Qui admettre prioritairement quand une seule classe est tempérée ? Comment organiser un accueil minimal ? Que dire aux parents qui vivent dans de petits logements où il fait plus chaud qu'à l'école ?
Cette canicule n'est pas une surprise, les scientifiques alertent depuis des décennies. Dès la fin mai, nous avons subi un épisode inquiétant.
En 2022, le président Macron appelait à ce qu'on lance la rénovation de nos écoles. « On », ce sont les collectivités. Mais quand le Fonds vert passe de 2,5 milliards à 650 millions d'euros en trois ans, difficile de végétaliser des cours ou d'isoler des bâtiments... Rénovations comme constructions ne sont subventionnées qu'à 20 %, tout au plus 30 %. Les restes à charge sont insoutenables, alors que DETR, DSIL et Fonds vert cumulés ont fondu de moitié.

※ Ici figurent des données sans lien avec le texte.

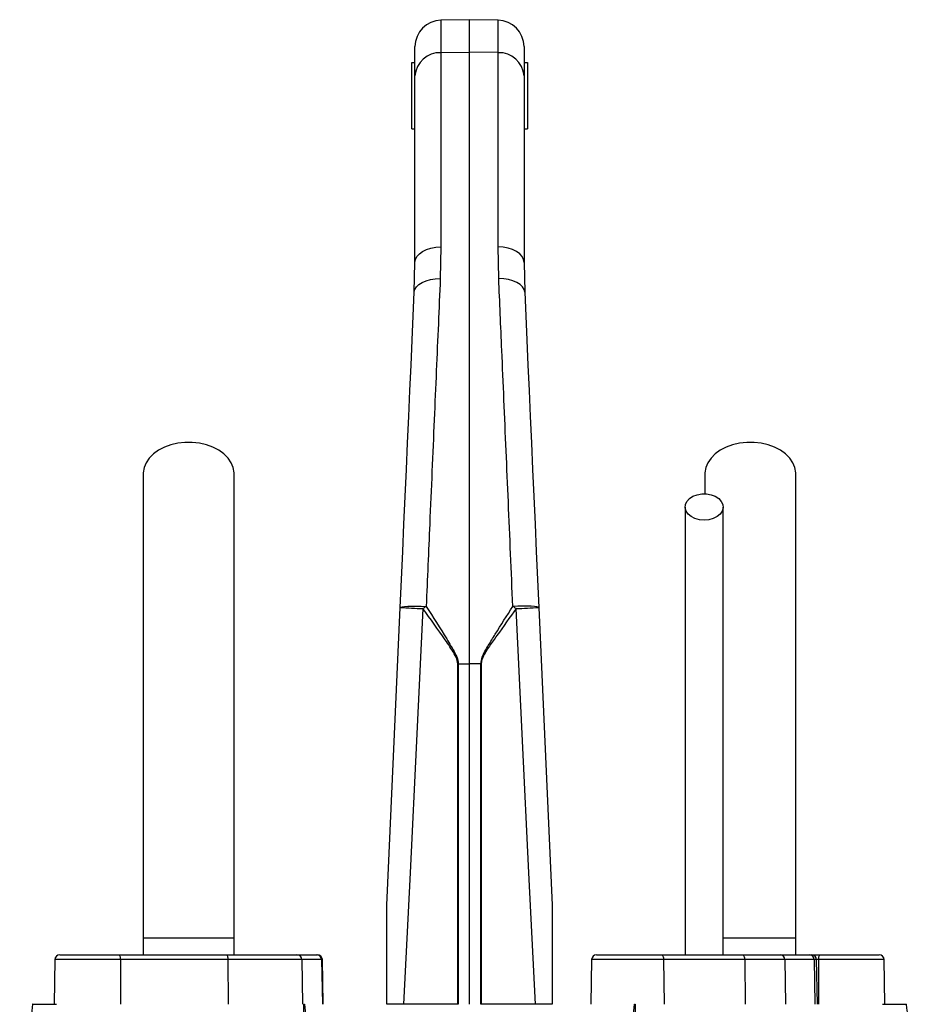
# Model space of a CAD drawing. Extents: x 81 to 677, y -2 to 1879.
# Tile 8 of 8: x 243 to 515, y 1581 to 1879. Entities that reach past the tile are written whole.
import ezdxf

# ---------------------------------------------------------------- set-up
doc = ezdxf.new("R2010")
doc.units = 0
doc.layers.get('0').update_dxf_attribs({"linetype": 'CONTINUOUS'})

msp = doc.modelspace()

# ---------------------------------------------------------------- linework, layer by layer
at = {"color": 7, "linetype": 'CONTINUOUS'}
for p, q in [((379.14, 1878.52), (370.5, 1878.37)), ((370.5, 1878.37), (370.5, 1868.54)), ((387.78, 1878.37), (379.14, 1878.52)), ((379.14, 1868.67), (379.14, 1878.52)), ((387.78, 1868.54), (387.78, 1878.37)), ((362.64, 1861.49), (362.64, 1870.37)), ((370.5, 1868.54), (379.14, 1868.67)), ((370.5, 1868.54), (370.5, 1809.8)), ((379.14, 1683.59), (379.14, 1868.67)), ((387.78, 1868.54), (379.14, 1868.67)), ((387.78, 1809.8), (387.78, 1868.54)), ((395.64, 1870.37), (395.64, 1861.49)), ((361.64, 1845.52), (361.64, 1865.52)), ((361.64, 1865.52), (362.64, 1865.52)), ((395.64, 1865.52), (396.64, 1865.52)), ((396.64, 1865.52), (396.64, 1845.52)), ((362.64, 1804.99), (362.64, 1861.49)), ((395.64, 1861.49), (395.64, 1804.99)), ((361.64, 1845.52), (362.64, 1845.52)), ((395.64, 1845.52), (396.64, 1845.52)), ((370.5, 1809.8), (370.29, 1800.14)), ((387.99, 1800.14), (387.78, 1809.8)), ((362.44, 1796.05), (362.64, 1804.99)), ((395.64, 1804.99), (395.84, 1796.05)), ((450.39, 1741.03), (450.39, 1735.01)), ((375.57, 1580.52), (375.57, 1683.59)), ((375.72, 1683.59), (379.14, 1683.59)), ((375.72, 1683.59), (375.72, 1580.52)), ((379.14, 1580.52), (379.14, 1683.59)), ((382.56, 1683.59), (379.14, 1683.59)), ((382.7, 1683.59), (382.56, 1683.59)), ((382.56, 1580.52), (382.56, 1683.59)), ((382.7, 1683.59), (382.7, 1580.52)), ((280.39, 1600.52), (280.39, 1595.52)), ((307.89, 1600.52), (280.39, 1600.52)), ((307.89, 1595.52), (307.89, 1600.52)), ((477.89, 1600.52), (455.82, 1600.52)), ((477.89, 1595.52), (477.89, 1600.52)), ((255.16, 1595.52), (272.96, 1595.52)), ((272.96, 1595.52), (305.51, 1595.52)), ((305.51, 1595.52), (326.9, 1595.52)), ((326.9, 1595.52), (332.91, 1595.52)), ((332.91, 1595.52), (333.11, 1595.52)), ((417.59, 1595.52), (437.18, 1595.52)), ((437.18, 1595.52), (461.71, 1595.52)), ((461.71, 1595.52), (473.15, 1595.52)), ((473.15, 1595.52), (482, 1595.52)), ((482, 1595.52), (482.69, 1595.52)), ((482.69, 1595.52), (485.31, 1595.52)), ((485.31, 1595.52), (503.11, 1595.52)), ((253.66, 1594.04), (253.43, 1580.52)), ((273.48, 1594.04), (253.66, 1594.04)), ((273.48, 1594.04), (273.56, 1580.52)), ((306.03, 1594.04), (273.48, 1594.04)), ((306.03, 1594.04), (306.11, 1580.52)), ((328.37, 1594.04), (306.03, 1594.04)), ((328.37, 1594.04), (328.61, 1580.52)), ((334.39, 1594.04), (328.37, 1594.04)), ((334.39, 1594.04), (334.62, 1580.52)), ((334.61, 1594.04), (334.39, 1594.04)), ((334.85, 1580.52), (334.61, 1594.04)), ((416.09, 1594.04), (415.85, 1580.52)), ((437.9, 1594.04), (416.09, 1594.04)), ((437.9, 1594.04), (438.01, 1580.52)), ((462.43, 1594.04), (437.9, 1594.04)), ((462.43, 1594.04), (462.54, 1580.52)), ((474.57, 1594.04), (462.43, 1594.04)), ((474.57, 1594.04), (474.8, 1580.52)), ((483.42, 1594.04), (474.57, 1594.04)), ((483.42, 1594.04), (483.65, 1580.52)), ((484.19, 1594.04), (483.42, 1594.04)), ((484.42, 1580.52), (484.19, 1594.04)), ((484.8, 1594.04), (484.19, 1594.04)), ((484.8, 1594.04), (484.72, 1580.52)), ((504.61, 1594.04), (484.8, 1594.04)), ((504.85, 1580.52), (504.61, 1594.04)), ((248.12, 1580.52), (254.14, 1580.52)), ((329.04, 1580.52), (329.24, 1580.52)), ((375.57, 1580.52), (359.21, 1580.52)), ((375.72, 1580.52), (375.57, 1580.52)), ((382.7, 1580.52), (382.56, 1580.52)), ((399.07, 1580.52), (382.7, 1580.52)), ((429.03, 1580.52), (429.24, 1580.52)), ((504.14, 1580.52), (510.16, 1580.52))]:
    msp.add_line(p, q, dxfattribs=at)
at = {"color": 7, "linetype": 'CONTINUOUS', "flags": 128}
for points in [[(362.64, 1804.99), (362.79, 1805.92), (363.23, 1806.81), (363.96, 1807.64), (364.93, 1808.36), (366.12, 1808.96), (367.48, 1809.41), (368.96, 1809.69), (370.5, 1809.8)], [(395.64, 1804.99), (395.49, 1805.92), (395.04, 1806.81), (394.32, 1807.64), (393.34, 1808.36), (392.15, 1808.96), (390.8, 1809.41), (389.32, 1809.69), (387.78, 1809.8)], [(362.44, 1796.05), (362.62, 1796.89), (363.09, 1797.68), (363.82, 1798.4), (364.8, 1799.02), (365.98, 1799.52), (367.32, 1799.88), (368.78, 1800.09), (370.29, 1800.14)], [(395.84, 1796.05), (395.65, 1796.89), (395.19, 1797.68), (394.45, 1798.4), (393.48, 1799.02), (392.3, 1799.52), (390.96, 1799.88), (389.5, 1800.09), (387.99, 1800.14)], [(358.17, 1700.64), (358.55, 1709.1), (358.92, 1717.52), (359.3, 1725.88), (359.67, 1734.17), (360.04, 1742.37), (360.4, 1750.46), (360.76, 1758.43), (361.11, 1766.28), (361.45, 1773.97), (361.79, 1781.51), (362.12, 1788.87), (362.44, 1796.05)], [(395.84, 1796.05), (396.16, 1788.87), (396.49, 1781.51), (396.83, 1773.97), (397.17, 1766.28), (397.52, 1758.43), (397.88, 1750.46), (398.24, 1742.37), (398.61, 1734.17), (398.98, 1725.88), (399.35, 1717.52), (399.73, 1709.1), (400.11, 1700.64)], [(307.89, 1741.03), (307.88, 1741.42), (307.61, 1742.95), (306.99, 1744.43), (306.05, 1745.82), (304.79, 1747.08), (303.26, 1748.2), (301.49, 1749.12), (299.53, 1749.84), (297.43, 1750.32), (295.24, 1750.57), (293.03, 1750.57), (290.85, 1750.32), (288.75, 1749.84), (286.79, 1749.12), (285.02, 1748.2), (283.49, 1747.08), (282.23, 1745.82), (281.28, 1744.43), (280.67, 1742.95), (280.4, 1741.42), (280.39, 1741.04)], [(477.89, 1741.03), (477.88, 1741.42), (477.61, 1742.95), (476.99, 1744.43), (476.05, 1745.82), (474.79, 1747.08), (473.26, 1748.2), (471.49, 1749.12), (469.53, 1749.84), (467.43, 1750.32), (465.24, 1750.57), (463.03, 1750.57), (460.85, 1750.32), (458.75, 1749.84), (456.79, 1749.12), (455.02, 1748.2), (453.49, 1747.08), (452.23, 1745.82), (451.28, 1744.43), (450.67, 1742.95), (450.4, 1741.42), (450.39, 1741.04)], [(450.14, 1727.03), (448.71, 1727.16), (447.37, 1727.52), (446.2, 1728.11), (445.28, 1728.89), (444.67, 1729.8), (444.4, 1730.78), (444.49, 1731.78), (444.94, 1732.74), (445.71, 1733.58), (446.76, 1734.27), (448.02, 1734.75), (449.42, 1735), (450.86, 1735), (452.25, 1734.75), (453.52, 1734.27), (454.57, 1733.58), (455.34, 1732.74), (455.79, 1731.78), (455.88, 1730.78), (455.61, 1729.8), (454.99, 1728.89), (454.07, 1728.11), (452.91, 1727.52), (451.57, 1727.16), (450.14, 1727.03)], [(354.14, 1610.52), (356.15, 1655.5), (358.17, 1700.64)], [(358.17, 1700.64), (358.32, 1700.76), (358.77, 1700.86), (359.5, 1700.94), (360.47, 1701), (361.66, 1701.02), (363.01, 1701.02), (364.49, 1701), (366.02, 1700.94)], [(365.03, 1700.28), (363.09, 1660.23), (361.14, 1620.3), (359.21, 1580.52)], [(400.11, 1700.64), (399.95, 1700.76), (399.5, 1700.86), (398.78, 1700.94), (397.8, 1701), (396.62, 1701.02), (395.26, 1701.02), (393.79, 1701), (392.25, 1700.94)], [(399.07, 1580.52), (397.13, 1620.3), (395.19, 1660.23), (393.24, 1700.28)], [(400.11, 1700.64), (402.13, 1655.5), (404.14, 1610.52)], [(272.96, 1595.52), (273.06, 1595.49), (273.16, 1595.41), (273.25, 1595.27), (273.32, 1595.09), (273.39, 1594.87), (273.43, 1594.61), (273.46, 1594.33), (273.48, 1594.04)], [(305.51, 1595.52), (305.61, 1595.49), (305.71, 1595.41), (305.8, 1595.27), (305.87, 1595.09), (305.94, 1594.87), (305.99, 1594.61), (306.02, 1594.33), (306.03, 1594.04)], [(437.18, 1595.52), (437.32, 1595.49), (437.45, 1595.41), (437.57, 1595.27), (437.68, 1595.09), (437.77, 1594.87), (437.84, 1594.61), (437.88, 1594.33), (437.9, 1594.04)], [(461.71, 1595.52), (461.85, 1595.49), (461.98, 1595.41), (462.11, 1595.27), (462.21, 1595.09), (462.3, 1594.87), (462.37, 1594.61), (462.41, 1594.33), (462.43, 1594.04)], [(484.8, 1594.04), (484.81, 1594.33), (484.84, 1594.61), (484.89, 1594.87), (484.95, 1595.09), (485.03, 1595.27), (485.12, 1595.41), (485.21, 1595.49), (485.31, 1595.52)]]:
    msp.add_lwpolyline(points, dxfattribs=at)
at = {"color": 7, "linetype": 'CONTINUOUS'}
for centre, radius, start, end in [((370.64, 1870.37), 8, 91, 180), ((387.64, 1870.37), 8, 0, 89), ((370.17, 1860.99), 7.55, 87.5321, 176.2444), ((388.1, 1860.99), 7.55, 3.7556, 92.4679), ((374.89, 1955.6), 255.51, 266.2477, 267.7889), ((421.01, 1617.73), 99.74, 123.4558, 124.1393), ((337.27, 1617.73), 99.74, 55.8607, 56.5442), ((383.38, 1955.6), 255.51, 272.2111, 273.7523), ((255.16, 1594.02), 1.5, 90, 179), ((326.89, 1594.03), 1.49, 0.554, 89.5681), ((332.9, 1594.03), 1.49, 0.554, 89.5681), ((333.11, 1594.02), 1.5, 1, 90), ((417.59, 1594.02), 1.5, 90, 179), ((473.11, 1594.06), 1.46, 359.4859, 88.477), ((481.96, 1594.06), 1.46, 359.4864, 88.4765), ((482.69, 1594.02), 1.5, 1, 90), ((503.11, 1594.02), 1.5, 1, 90)]:
    msp.add_arc(centre, radius, start, end, dxfattribs=at)
for points, knots in [([(370.29, 1800.14), (370.1, 1795.63), (369.71, 1786.61), (369.09, 1772.29), (368.45, 1757.37), (367.78, 1741.87), (367.15, 1727.15), (366.56, 1713.48), (366.2, 1705.13), (366.02, 1700.94)], [0, 0, 0, 0, 0.150727, 0.301897, 0.453067, 0.607923, 0.762779, 0.881176, 1, 1, 1, 1]), ([(392.25, 1700.94), (392.03, 1706.25), (391.57, 1716.88), (390.89, 1732.61), (390.22, 1748.2), (389.56, 1763.53), (388.97, 1777.31), (388.44, 1789.53), (388.14, 1796.6), (387.99, 1800.14)], [0, 0, 0, 0, 0.150727, 0.301897, 0.453066, 0.607921, 0.762775, 0.881174, 1, 1, 1, 1]), ([(280.39, 1741.03), (280.39, 1738.1), (280.39, 1732.28), (280.39, 1723.5), (280.39, 1714.62), (280.39, 1705.56), (280.39, 1696.21), (280.39, 1686.47), (280.39, 1676.73), (280.39, 1667.08), (280.39, 1657.6), (280.39, 1647.94), (280.39, 1637.21), (280.39, 1625.5), (280.39, 1612.92), (280.39, 1604.62), (280.39, 1600.52)], [0, 0, 0, 0, 0.079644, 0.158009, 0.235124, 0.311014, 0.385614, 0.459005, 0.531252, 0.593311, 0.65426, 0.714301, 0.773508, 0.85087, 0.926319, 1, 1, 1, 1]), ([(307.89, 1600.52), (307.89, 1603.05), (307.89, 1608.32), (307.89, 1616.53), (307.89, 1625.34), (307.89, 1634.01), (307.89, 1642.42), (307.89, 1650.46), (307.89, 1658.71), (307.89, 1667.46), (307.89, 1676.6), (307.89, 1686.02), (307.89, 1695.34), (307.89, 1704.52), (307.89, 1713.6), (307.89, 1722.67), (307.89, 1731.82), (307.89, 1737.92), (307.89, 1741.03)], [0, 0, 0, 0, 0.045521, 0.094717, 0.147611, 0.204275, 0.251456, 0.300858, 0.352419, 0.406213, 0.470225, 0.53729, 0.607172, 0.679907, 0.755587, 0.834151, 0.915609, 1, 1, 1, 1]), ([(477.89, 1600.52), (477.89, 1603.05), (477.89, 1608.32), (477.89, 1616.53), (477.89, 1625.34), (477.89, 1634.01), (477.89, 1642.42), (477.89, 1650.46), (477.89, 1658.71), (477.89, 1667.46), (477.89, 1676.6), (477.89, 1686.02), (477.89, 1695.34), (477.89, 1704.52), (477.89, 1713.6), (477.89, 1722.67), (477.89, 1731.82), (477.89, 1737.92), (477.89, 1741.03)], [0, 0, 0, 0, 0.045521, 0.094717, 0.147611, 0.204275, 0.251456, 0.300858, 0.352419, 0.406213, 0.470225, 0.53729, 0.607172, 0.679907, 0.755587, 0.834151, 0.915609, 1, 1, 1, 1]), ([(444.39, 1731.03), (444.39, 1729.06), (444.39, 1725.33), (444.39, 1720.02), (444.39, 1715.33), (444.39, 1711.25), (444.39, 1707.49), (444.39, 1703.82), (444.39, 1700), (444.39, 1695.02), (444.39, 1688.75), (444.39, 1681.03), (444.39, 1673.31), (444.39, 1665.65), (444.39, 1658.18), (444.39, 1650.66), (444.39, 1644.53), (444.39, 1639.9), (444.39, 1636.39), (444.39, 1632.29), (444.39, 1627.34), (444.39, 1621.55), (444.39, 1614.95), (444.39, 1607.55), (444.39, 1600.98), (444.39, 1596.87), (444.39, 1595.52)], [0, 0, 0, 0, 0.0552673, 0.1044403, 0.1475208, 0.1845131, 0.2154199, 0.2486956, 0.2816574, 0.3151573, 0.3761883, 0.4375872, 0.4991071, 0.5515912, 0.6040032, 0.6551214, 0.7029148, 0.7232637, 0.7441262, 0.7698876, 0.8009653, 0.8373298, 0.878131, 0.923975, 0.9748851, 1, 1, 1, 1]), ([(455.89, 1595.52), (455.89, 1597.22), (455.89, 1601.87), (455.89, 1609.02), (455.89, 1616.55), (455.89, 1622.8), (455.89, 1628.06), (455.89, 1632.75), (455.89, 1639.41), (455.89, 1648.13), (455.89, 1658.56), (455.89, 1667.98), (455.89, 1676.44), (455.89, 1683.93), (455.89, 1690.83), (455.89, 1696.09), (455.89, 1700.23), (455.89, 1703.74), (455.89, 1707.93), (455.89, 1712.79), (455.89, 1718.3), (455.89, 1724.45), (455.89, 1728.76), (455.89, 1731.03)], [0, 0, 0, 0, 0.031526, 0.086056, 0.132732, 0.171571, 0.202645, 0.231141, 0.260032, 0.328884, 0.39862, 0.468523, 0.527313, 0.585972, 0.642144, 0.694118, 0.718091, 0.748454, 0.785466, 0.82912, 0.879422, 0.936381, 1, 1, 1, 1]), ([(375.57, 1683.59), (375.54, 1683.9), (375.44, 1684.98), (374.09, 1687.45), (370.57, 1692.64), (367.31, 1697.13), (365.03, 1700.28)], [0, 0, 0, 0, 0.047893, 0.162319, 0.413975, 1, 1, 1, 1]), ([(366.02, 1700.94), (368.12, 1697.67), (371.13, 1692.98), (374.37, 1687.58), (375.6, 1685.02), (375.69, 1683.92), (375.72, 1683.59)], [0, 0, 0, 0, 0.582941, 0.834478, 0.950601, 1, 1, 1, 1]), ([(382.56, 1683.59), (382.67, 1684.26), (383.02, 1686.25), (384.87, 1689.11), (387.92, 1694.23), (390.45, 1698.15), (392.25, 1700.94)], [0, 0, 0, 0, 0.102054, 0.300548, 0.500902, 1, 1, 1, 1]), ([(393.24, 1700.28), (391.32, 1697.58), (388.62, 1693.8), (385.11, 1688.97), (383.44, 1686.27), (382.73, 1684.38), (382.71, 1683.72), (382.7, 1683.59)], [0, 0, 0, 0, 0.501557, 0.701373, 0.90023, 0.979951, 1, 1, 1, 1]), ([(354.14, 1580.52), (354.14, 1583.07), (354.14, 1585.61), (354.14, 1590.7), (354.14, 1593.24), (354.14, 1597.05), (354.14, 1598.32), (354.14, 1600.86), (354.14, 1602.12), (354.14, 1604.02), (354.14, 1604.65), (354.14, 1605.9), (354.14, 1606.53), (354.14, 1607.47), (354.14, 1607.78), (354.14, 1608.39), (354.14, 1608.7), (354.14, 1609.31), (354.14, 1609.61), (354.14, 1610.03), (354.14, 1610.17), (354.14, 1610.35), (354.14, 1610.4), (354.14, 1610.49), (354.14, 1610.52), (354.14, 1610.52)], [0, 0, 0, 0, 0.25, 0.25, 0.5, 0.5, 0.625, 0.625, 0.75, 0.75, 0.8125, 0.8125, 0.875, 0.875, 0.90625, 0.90625, 0.9375, 0.9375, 0.96875, 0.96875, 0.984375, 0.984375, 0.992187, 0.992187, 1, 1, 1, 1]), ([(404.14, 1610.52), (404.14, 1610.52), (404.14, 1610.49), (404.14, 1610.4), (404.14, 1610.34), (404.14, 1610.16), (404.14, 1610.02), (404.14, 1609.59), (404.14, 1609.29), (404.14, 1608.69), (404.14, 1608.38), (404.14, 1607.76), (404.14, 1607.45), (404.14, 1606.52), (404.14, 1605.89), (404.14, 1604.63), (404.14, 1604), (404.14, 1602.11), (404.14, 1600.84), (404.14, 1598.31), (404.14, 1597.04), (404.14, 1593.23), (404.14, 1590.69), (404.14, 1585.61), (404.14, 1583.06), (404.14, 1580.52)], [0, 0, 0, 0, 0.007812, 0.007812, 0.015625, 0.015625, 0.03125, 0.03125, 0.0625, 0.0625, 0.09375, 0.09375, 0.125, 0.125, 0.1875, 0.1875, 0.25, 0.25, 0.375, 0.375, 0.5, 0.5, 0.75, 0.75, 1, 1, 1, 1]), ([(246.91, 1580.52), (246.57, 1577.88), (245.9, 1572.6), (244.87, 1564.62), (243.92, 1557.36), (243.28, 1552.77), (243.01, 1550.84)], [0, 0, 0, 0, 0.268652, 0.537361, 0.804847, 1, 1, 1, 1]), ([(246.96, 1580.52), (246.94, 1580.52), (246.81, 1580.52), (247.14, 1580.52), (247.8, 1580.52), (248.12, 1580.52)], [0, 0, 0, 0, 0.0945759, 0.5574547, 1, 1, 1, 1]), ([(329.13, 1504.18), (329.31, 1510.81), (329.67, 1524.09), (329.58, 1543.86), (329.34, 1562.66), (329.04, 1574.87), (329.04, 1580.52), (329.04, 1580.52)], [0, 0, 0, 0, 0.258568, 0.517113, 0.775633, 0.999999, 1, 1, 1, 1]), ([(329.24, 1580.52), (329.24, 1580.52), (329.6, 1574.89), (329.33, 1562.67), (329.8, 1543.88), (329.81, 1524.1), (329.47, 1510.82), (329.3, 1504.18)], [0, 0, 0, 0, 0.000001, 0.224038, 0.482641, 0.741299, 1, 1, 1, 1]), ([(359.21, 1580.52), (358.35, 1580.52), (356.62, 1580.52), (354.99, 1580.52), (354.31, 1580.52), (354.14, 1580.52)], [0, 0, 0, 0, 0.431026, 0.862058, 1, 1, 1, 1]), ([(404.14, 1580.52), (403.57, 1580.52), (402.42, 1580.52), (400.5, 1580.52), (399.35, 1580.52), (399.07, 1580.52)], [0, 0, 0, 0, 0.430787, 0.861562, 1, 1, 1, 1]), ([(428.98, 1504.18), (428.81, 1510.82), (428.46, 1524.1), (428.47, 1543.88), (428.95, 1562.67), (428.68, 1574.89), (429.03, 1580.52), (429.03, 1580.52)], [0, 0, 0, 0, 0.258701, 0.517359, 0.775962, 0.999999, 1, 1, 1, 1]), ([(429.24, 1580.52), (429.24, 1580.52), (429.24, 1574.87), (428.93, 1562.66), (428.69, 1543.86), (428.61, 1524.09), (428.97, 1510.81), (429.14, 1504.18)], [0, 0, 0, 0, 0.000001, 0.224367, 0.482887, 0.741432, 1, 1, 1, 1]), ([(510.16, 1580.52), (510.53, 1580.52), (511.28, 1580.52), (511.33, 1580.52), (511.36, 1580.52)], [0, 0, 0, 0, 0.4876631, 1, 1, 1, 1]), ([(515.27, 1550.84), (515.07, 1552.22), (514.53, 1556.05), (513.65, 1562.72), (512.55, 1571.25), (511.78, 1577.3), (511.37, 1580.52)], [0, 0, 0, 0, 0.139183, 0.386742, 0.673667, 1, 1, 1, 1])]:
    msp.add_open_spline(points, degree=3, knots=knots, dxfattribs=at)
msp.add_open_spline([(375.57, 1683.59), (375.62, 1683.59), (375.67, 1683.59), (375.72, 1683.59)], degree=3, dxfattribs=at)

doc.saveas('drawing.dxf')

Face aux canicules, nous avons pourtant besoin de plus de services publics : piscines ouvertes, activités adaptées, parcs sécurisés, une eau moins chère - voire gratuite, en cas d'épisode extrême. Allez-vous enfin entendre que les collectivités ont besoin de moyens ?
Nous savons tous que, des vagues de chaleur, il y en aura d'autres. Or le Fonds vert a été divisé par trois ! Le Gouvernement n'a qu'une chose à annoncer aujourd'hui : le rétablissement de ces crédits plutôt que de faire l'inventaire des missions budgétaires et de nous expliquer comment installer un panneau solaire."